#### EXERCISE DETAILS
What number of lines in the entries hold the string "listed"? Answer with it alone.

#### SUPPLIED MATERIAL
• • • • •

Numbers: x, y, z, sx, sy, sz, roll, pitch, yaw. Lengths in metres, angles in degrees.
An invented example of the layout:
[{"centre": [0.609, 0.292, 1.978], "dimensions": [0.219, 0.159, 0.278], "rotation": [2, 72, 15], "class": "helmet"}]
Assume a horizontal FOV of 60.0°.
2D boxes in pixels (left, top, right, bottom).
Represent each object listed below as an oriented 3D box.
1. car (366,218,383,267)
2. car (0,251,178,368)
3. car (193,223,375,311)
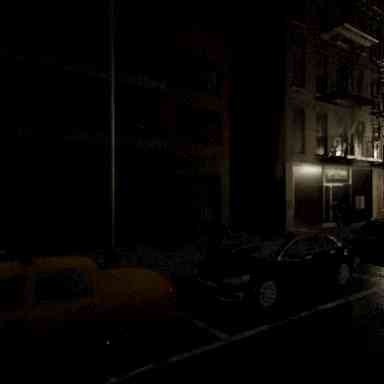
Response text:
[{"centre": [6.443, 1.558, 10.798], "dimensions": [4.313, 1.339, 1.947], "rotation": [0, 0, -36], "class": "car"}, {"centre": [-2.497, 1.525, 4.421], "dimensions": [4.829, 1.417, 1.752], "rotation": [0, 0, -36], "class": "car"}, {"centre": [2.042, 1.547, 7.658], "dimensions": [4.403, 1.369, 2.008], "rotation": [0, 0, -36], "class": "car"}]
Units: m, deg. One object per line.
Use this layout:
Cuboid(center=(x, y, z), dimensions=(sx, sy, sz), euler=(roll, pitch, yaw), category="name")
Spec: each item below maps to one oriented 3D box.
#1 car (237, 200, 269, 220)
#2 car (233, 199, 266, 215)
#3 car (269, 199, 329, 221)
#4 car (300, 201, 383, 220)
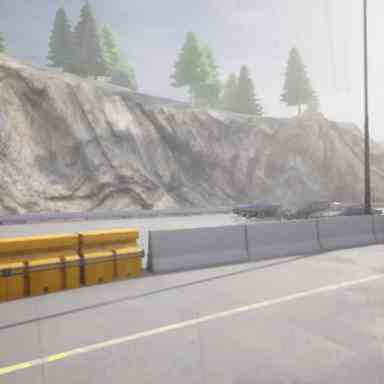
Cuboid(center=(6.388, 1.571, 27.304), dimensions=(4.718, 1.301, 1.895), euler=(-1, 0, -26), category="car")
Cuboid(center=(6.200, 1.456, 31.064), dimensions=(5.008, 1.535, 1.882), euler=(-1, 0, -25), category="car")
Cuboid(center=(8.329, 1.294, 24.320), dimensions=(4.553, 1.767, 2.097), euler=(-1, 0, -25), category="car")
Cuboid(center=(9.863, 1.467, 21.239), dimensions=(5.357, 1.411, 2.033), euler=(-1, 0, -26), category="car")
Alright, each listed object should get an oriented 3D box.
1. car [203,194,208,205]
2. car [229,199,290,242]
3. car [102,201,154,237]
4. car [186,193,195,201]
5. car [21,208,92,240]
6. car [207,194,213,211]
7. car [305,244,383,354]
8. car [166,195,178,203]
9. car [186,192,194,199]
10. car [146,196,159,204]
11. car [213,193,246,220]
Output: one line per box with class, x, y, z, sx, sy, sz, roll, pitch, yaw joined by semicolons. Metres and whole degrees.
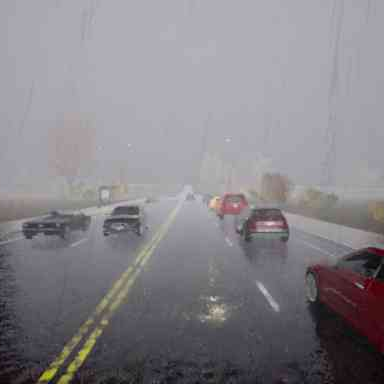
car;3.030;1.269;49.034;1.837;1.490;4.892;0;0;0
car;3.221;1.361;16.018;2.033;1.649;4.856;0;0;0
car;-3.387;1.427;17.744;1.837;1.490;4.892;0;0;0
car;-0.344;1.067;69.033;1.812;1.442;4.674;0;0;0
car;-6.634;1.528;16.801;1.895;1.301;4.718;0;0;0
car;3.101;1.301;38.033;1.882;1.535;5.008;0;0;0
car;3.247;1.504;5.008;1.812;1.442;4.674;0;0;0
car;-3.572;1.230;60.112;1.812;1.442;4.674;0;0;0
car;-0.445;0.884;84.918;1.882;1.535;5.008;0;0;0
car;-6.820;1.321;57.445;1.895;1.301;4.718;0;0;0
car;3.171;1.099;27.058;2.150;2.045;5.566;0;0;0
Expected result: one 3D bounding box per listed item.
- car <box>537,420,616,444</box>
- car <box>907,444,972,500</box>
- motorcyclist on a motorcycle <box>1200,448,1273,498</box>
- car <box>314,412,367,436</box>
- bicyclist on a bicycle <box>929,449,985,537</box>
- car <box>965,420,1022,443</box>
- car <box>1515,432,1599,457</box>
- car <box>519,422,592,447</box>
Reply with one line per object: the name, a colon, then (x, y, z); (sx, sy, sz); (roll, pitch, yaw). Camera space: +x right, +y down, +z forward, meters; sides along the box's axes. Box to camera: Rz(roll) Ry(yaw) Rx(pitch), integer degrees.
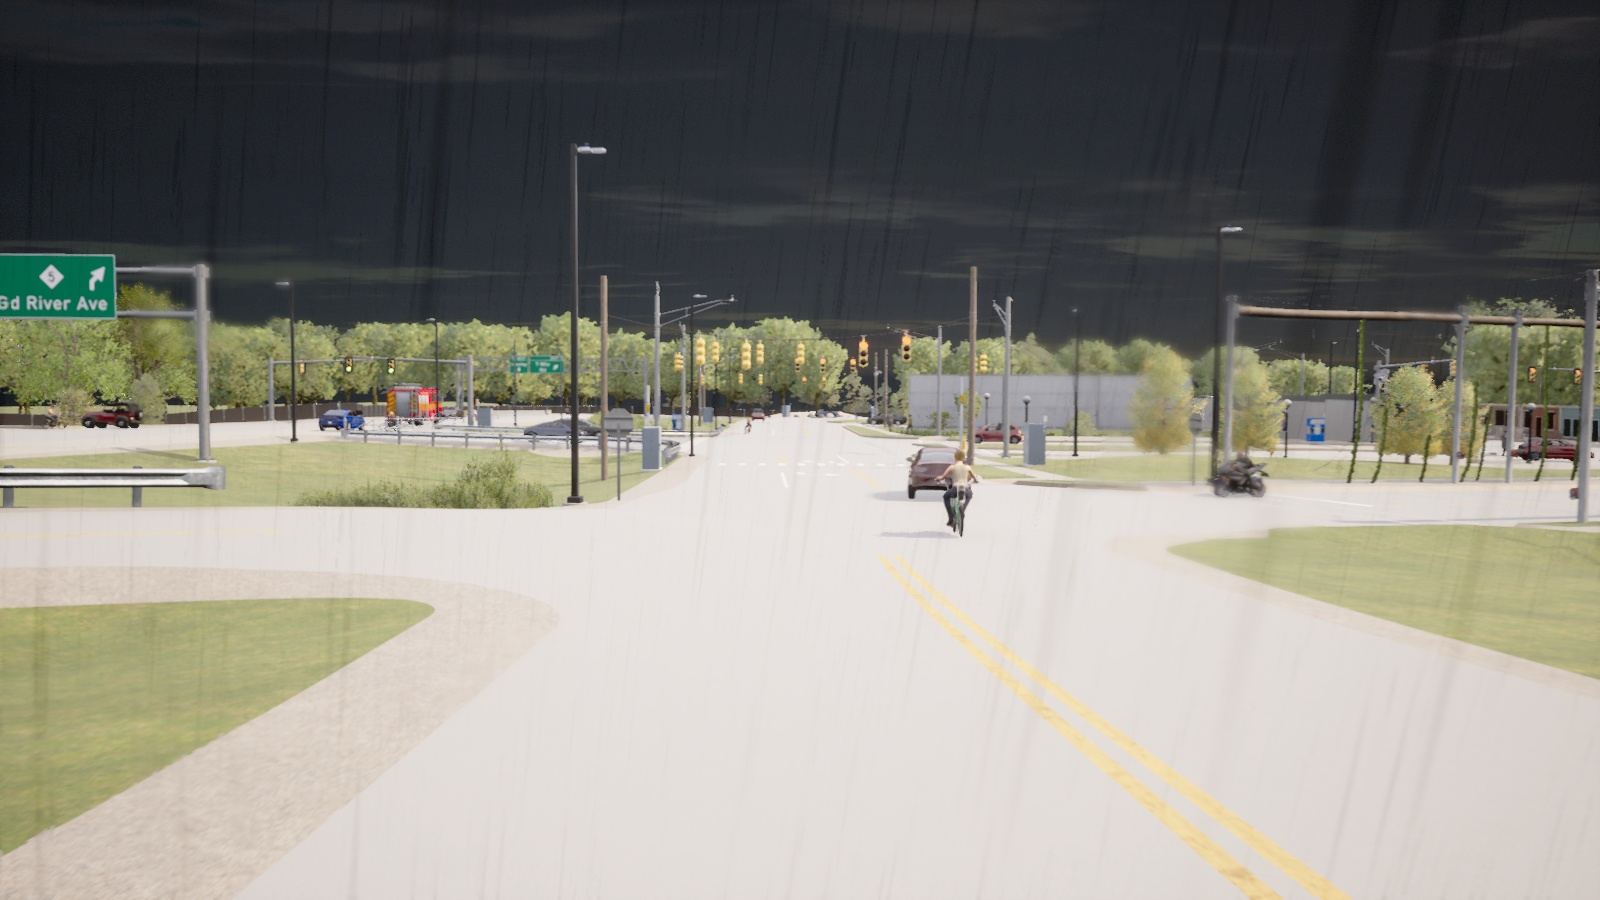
car: (-14.693, -1.188, 82.668); (4.892, 1.490, 1.837); (0, 2, -3)
car: (4.102, 0.600, 37.271); (1.812, 1.442, 4.674); (0, 2, 5)
motorcyclist on a motorcycle: (14.064, 0.724, 40.450); (2.191, 1.530, 0.866); (0, 3, -26)
car: (-31.622, -1.786, 86.509); (1.882, 1.535, 5.008); (2, 2, -2)
bicyclist on a bicycle: (3.007, 0.801, 24.169); (0.866, 1.612, 1.509); (0, 1, 0)
car: (14.147, -1.345, 92.029); (3.988, 1.617, 1.851); (0, 2, 4)
car: (48.289, -0.355, 80.202); (4.193, 1.474, 1.816); (1, 3, 12)
car: (-15.356, -0.971, 79.063); (4.181, 1.385, 1.994); (2, 2, 0)
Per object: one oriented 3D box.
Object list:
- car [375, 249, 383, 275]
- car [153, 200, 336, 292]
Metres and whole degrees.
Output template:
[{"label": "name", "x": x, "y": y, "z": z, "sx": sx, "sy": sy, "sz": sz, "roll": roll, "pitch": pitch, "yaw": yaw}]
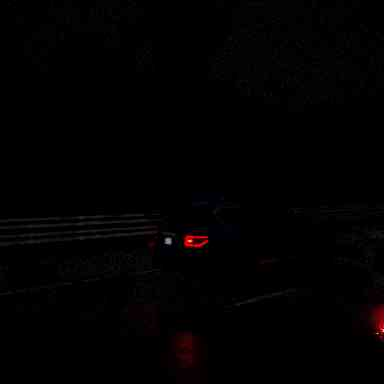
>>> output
[{"label": "car", "x": 6.791, "y": 1.619, "z": 8.574, "sx": 4.718, "sy": 1.301, "sz": 1.895, "roll": 0, "pitch": 0, "yaw": -35}, {"label": "car", "x": 1.633, "y": 1.230, "z": 9.221, "sx": 5.566, "sy": 2.045, "sz": 2.150, "roll": 0, "pitch": 0, "yaw": -35}]
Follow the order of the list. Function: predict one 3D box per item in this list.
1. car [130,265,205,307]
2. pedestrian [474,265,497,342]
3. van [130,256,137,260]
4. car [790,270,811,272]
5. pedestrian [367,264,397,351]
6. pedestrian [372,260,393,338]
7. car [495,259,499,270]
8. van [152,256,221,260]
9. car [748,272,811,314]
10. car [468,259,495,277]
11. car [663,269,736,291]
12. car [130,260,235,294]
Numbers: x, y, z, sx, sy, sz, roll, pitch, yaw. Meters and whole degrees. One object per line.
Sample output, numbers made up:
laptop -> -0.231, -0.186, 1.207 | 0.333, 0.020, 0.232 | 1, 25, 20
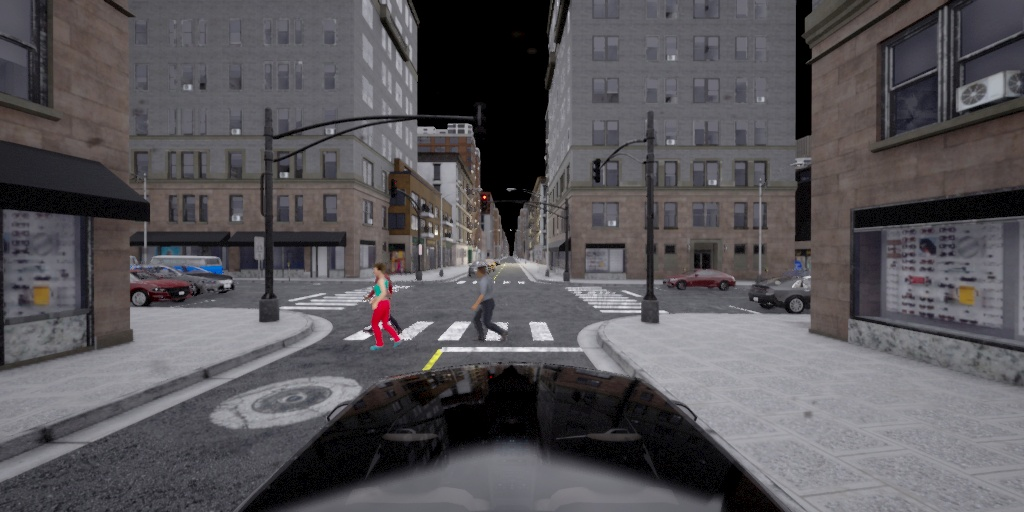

• • • • •

#### EXERCISE RESULT
3